OpenAI acusa a Elon Musk de conducta anticompetitiva antes de un enfrentamiento judicial

Tecnología06.May.2026 02:134 min read

OpenAI ha solicitado a los fiscales generales de California y Delaware que investiguen a Elon Musk por presuntas tácticas anticompetitivas, intensificando una ya tensa batalla legal sobre la transición de la empresa a una estructura con fines de lucro y su misión de AGI.

OpenAI acusa a Elon Musk de conducta anticompetitiva antes de un enfrentamiento judicial

OpenAI ha solicitado formalmente a los fiscales generales de California y Delaware que investiguen a Elon Musk y a sus entidades afiliadas por presunta conducta anticompetitiva, lo que marca una escalada significativa en una disputa cada vez más pública entre la empresa de IA y uno de sus cofundadores originales.

Una batalla legal arraigada en el cambio estructural de OpenAI

El conflicto se centra en la transición de OpenAI desde su estructura original sin fines de lucro hacia un modelo de beneficio limitado diseñado para atraer inversiones a gran escala. Musk, quien cofundó OpenAI en 2015 pero dejó la organización en 2018, presentó una demanda en 2024 contra OpenAI y el director ejecutivo Sam Altman. Alega que la empresa abandonó su misión fundacional al reestructurarse para perseguir el crecimiento comercial.

OpenAI, por su parte, sostiene que las acciones legales de Musk no son meramente desacuerdos filosóficos, sino parte de un intento más amplio de obstaculizar sus operaciones.
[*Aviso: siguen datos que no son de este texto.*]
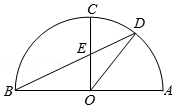In the given figure, if we extend line OD to intersect the semicircle at point F, what can we say about the angles in triangle OFC? With OF intersecting the semicircle at point F, creating triangle OFC, angle OFC would measure 90 degrees since it is inscribed in a semicircle and the endpoints lie on the diameter. Given that triangle OFC would be a right-angled triangle, we could use trigonometric ratios to calculate unknown sides if the lengths of any two sides were known. 
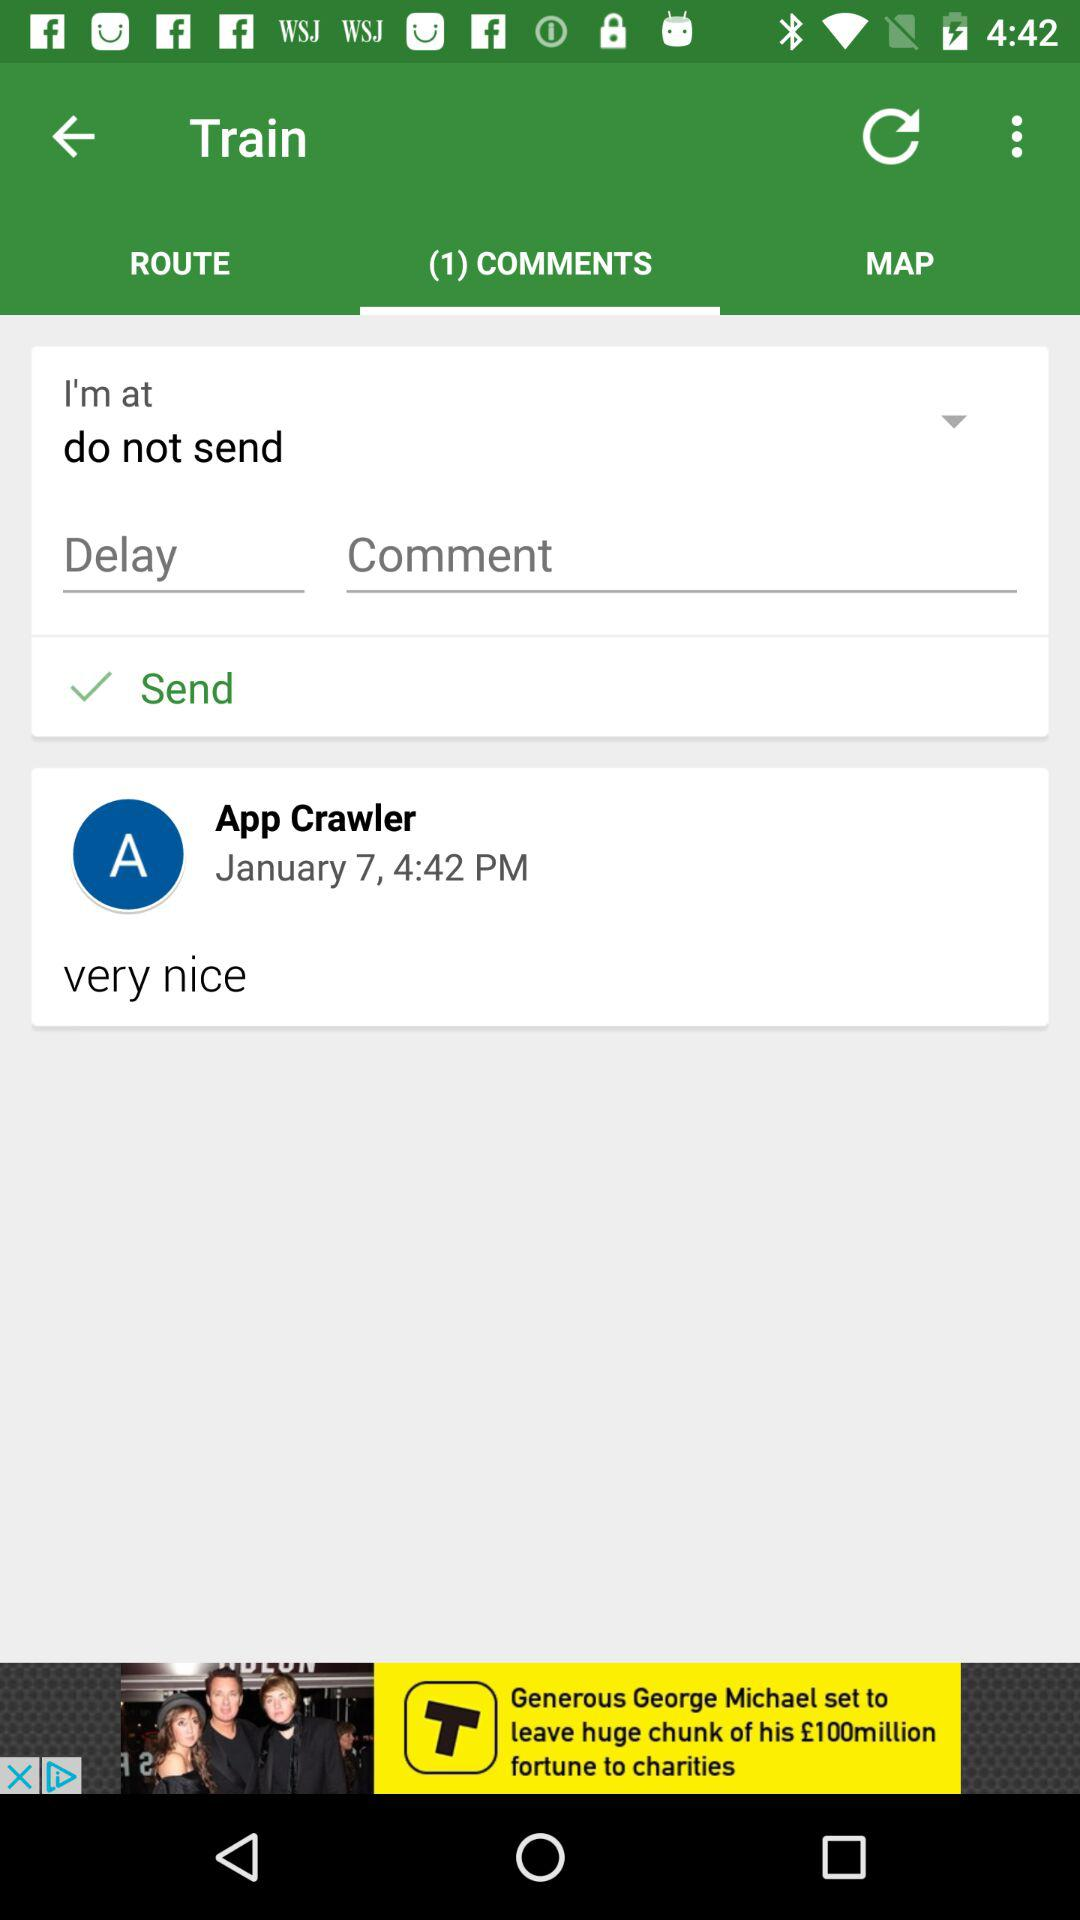How many comments are shown? There is 1 shown comment.

En una carta dirigida a las autoridades estatales, la compañía afirma que Musk ha utilizado litigios y coordinación con competidores de maneras que podrían socavar la competencia y entorpecer su progreso hacia la inteligencia artificial general (AGI).

100.000 millones de dólares en daños en juego

Según documentos judiciales citados por OpenAI, la demanda de Musk busca más de 100.000 millones de dólares en daños de la fundación sin fines de lucro de la organización. Los ejecutivos de OpenAI sostienen que tal sanción, de concederse, podría afectar gravemente o incluso paralizar las operaciones de la empresa.
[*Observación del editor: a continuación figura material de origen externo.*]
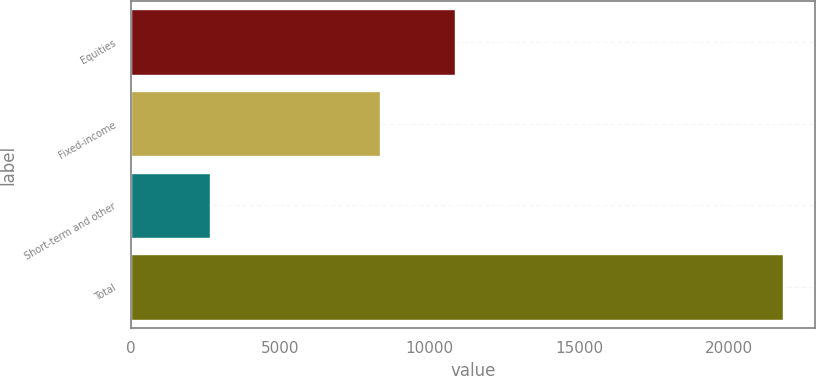Convert chart to OTSL. <chart><loc_0><loc_0><loc_500><loc_500><bar_chart><fcel>Equities<fcel>Fixed-income<fcel>Short-term and other<fcel>Total<nl><fcel>10849<fcel>8317<fcel>2641<fcel>21807<nl></chart> 
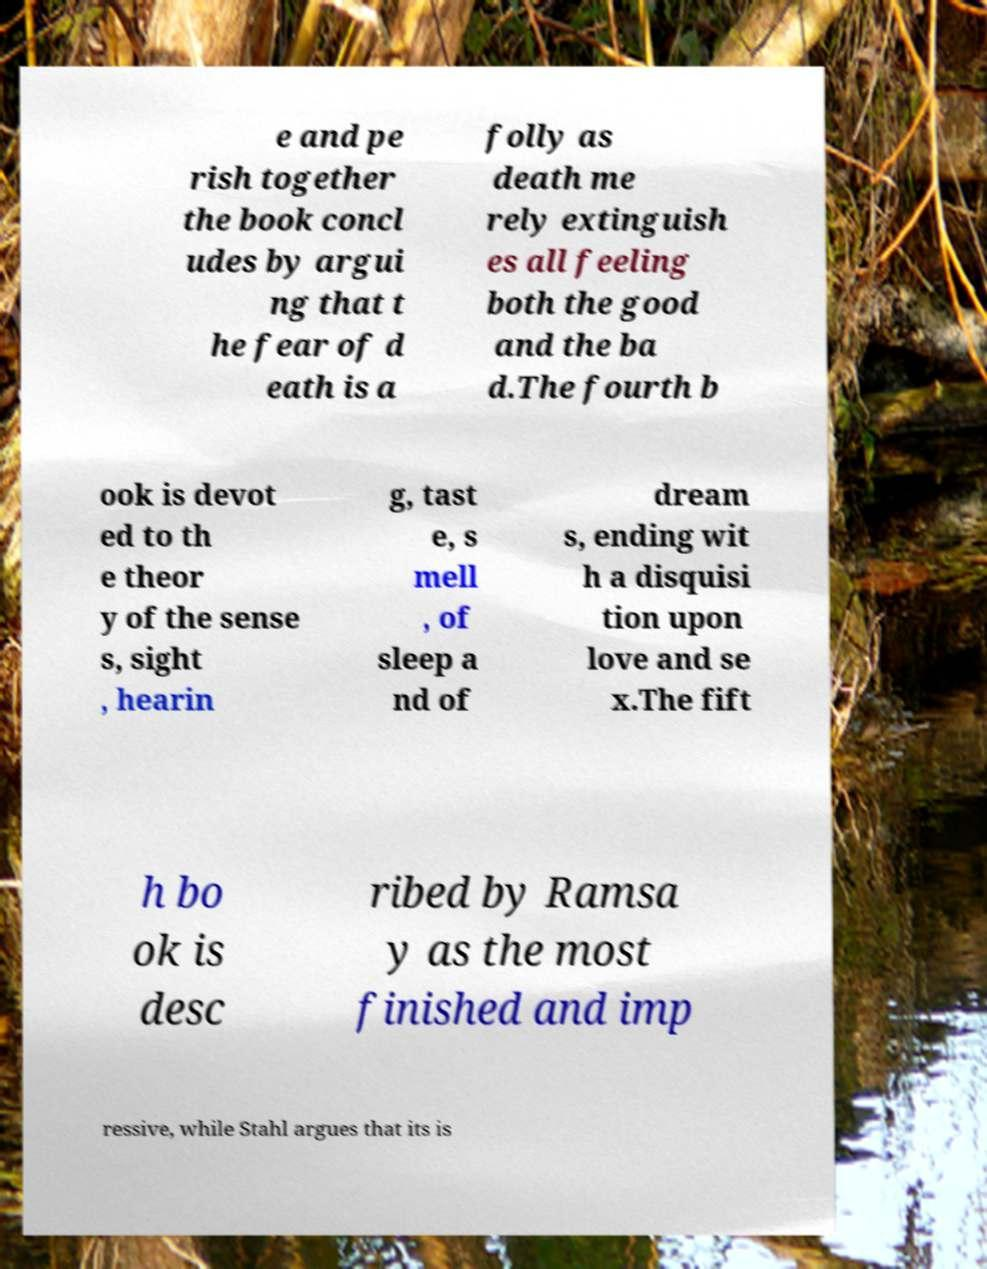Please read and relay the text visible in this image. What does it say? e and pe rish together the book concl udes by argui ng that t he fear of d eath is a folly as death me rely extinguish es all feeling both the good and the ba d.The fourth b ook is devot ed to th e theor y of the sense s, sight , hearin g, tast e, s mell , of sleep a nd of dream s, ending wit h a disquisi tion upon love and se x.The fift h bo ok is desc ribed by Ramsa y as the most finished and imp ressive, while Stahl argues that its is

La dirección de OpenAI ha descrito la disputa como existencial, argumentando que una incertidumbre legal prolongada podría interferir con su capacidad para asegurar capital y ejecutar planes de investigación a largo plazo. La compañía mantiene que sus cambios estructurales fueron necesarios para competir en un entorno de IA intensivo en capital, cada vez más dominado por rivales bien financiados.
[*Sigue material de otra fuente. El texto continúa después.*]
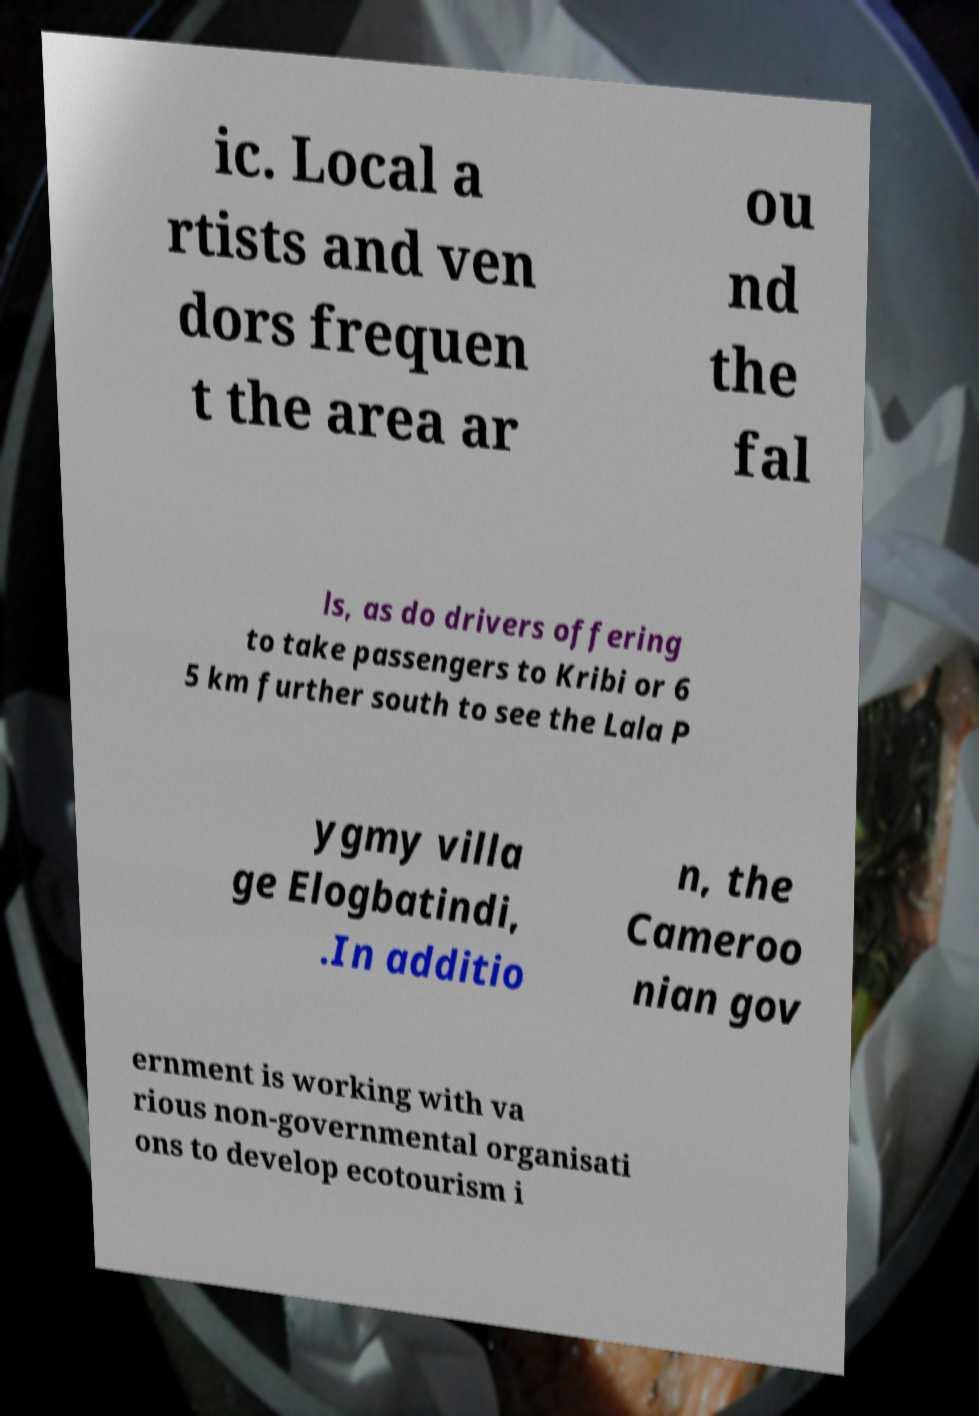What messages or text are displayed in this image? I need them in a readable, typed format. ic. Local a rtists and ven dors frequen t the area ar ou nd the fal ls, as do drivers offering to take passengers to Kribi or 6 5 km further south to see the Lala P ygmy villa ge Elogbatindi, .In additio n, the Cameroo nian gov ernment is working with va rious non-governmental organisati ons to develop ecotourism i

La competencia en segundo plano

Desde que dejó OpenAI, Musk ha fundado xAI, una empresa de inteligencia artificial que compite directamente con OpenAI. El chatbot de xAI, Grok, se posiciona como una alternativa a ChatGPT y a otros sistemas líderes de IA generativa. La superposición competitiva añade una capa de complejidad a la disputa legal, especialmente porque OpenAI alega que las acciones de Musk pueden estar estratégicamente dirigidas a restringir a un rival.

En presentaciones anteriores, OpenAI también afirmó que Musk exploró conversaciones relacionadas con adquisiciones que involucraban a otros líderes tecnológicos, aunque esos esfuerzos no se materializaron.

Se espera que el juicio comience este mes

Se espera que el caso avance a juicio en California, donde un juez y un jurado examinarán cuestiones relacionadas con deberes fiduciarios, gobernanza de organizaciones sin fines de lucro, reestructuración de capital y posible conducta anticompetitiva. El resultado podría tener implicaciones significativas no solo para el futuro corporativo de OpenAI, sino también para la forma en que los laboratorios de IA equilibran misiones sin fines de lucro con las realidades financieras de escalar modelos de frontera.

De manera más amplia, la disputa pone de relieve las tensiones que configuran el sector de la IA: los enormes requisitos de capital para el desarrollo de modelos de vanguardia, la carrera competitiva hacia la AGI y los marcos de gobernanza diseñados para garantizar que los sistemas de IA potentes beneficien a la sociedad.

Mientras reguladores, tribunales y líderes de la industria observan de cerca, el caso puede sentar precedentes importantes sobre cómo las organizaciones de IA impulsadas por una misión evolucionan bajo presión comercial y cómo se interpretan los principios fundacionales cuando miles de millones de dólares y una influencia global están en juego.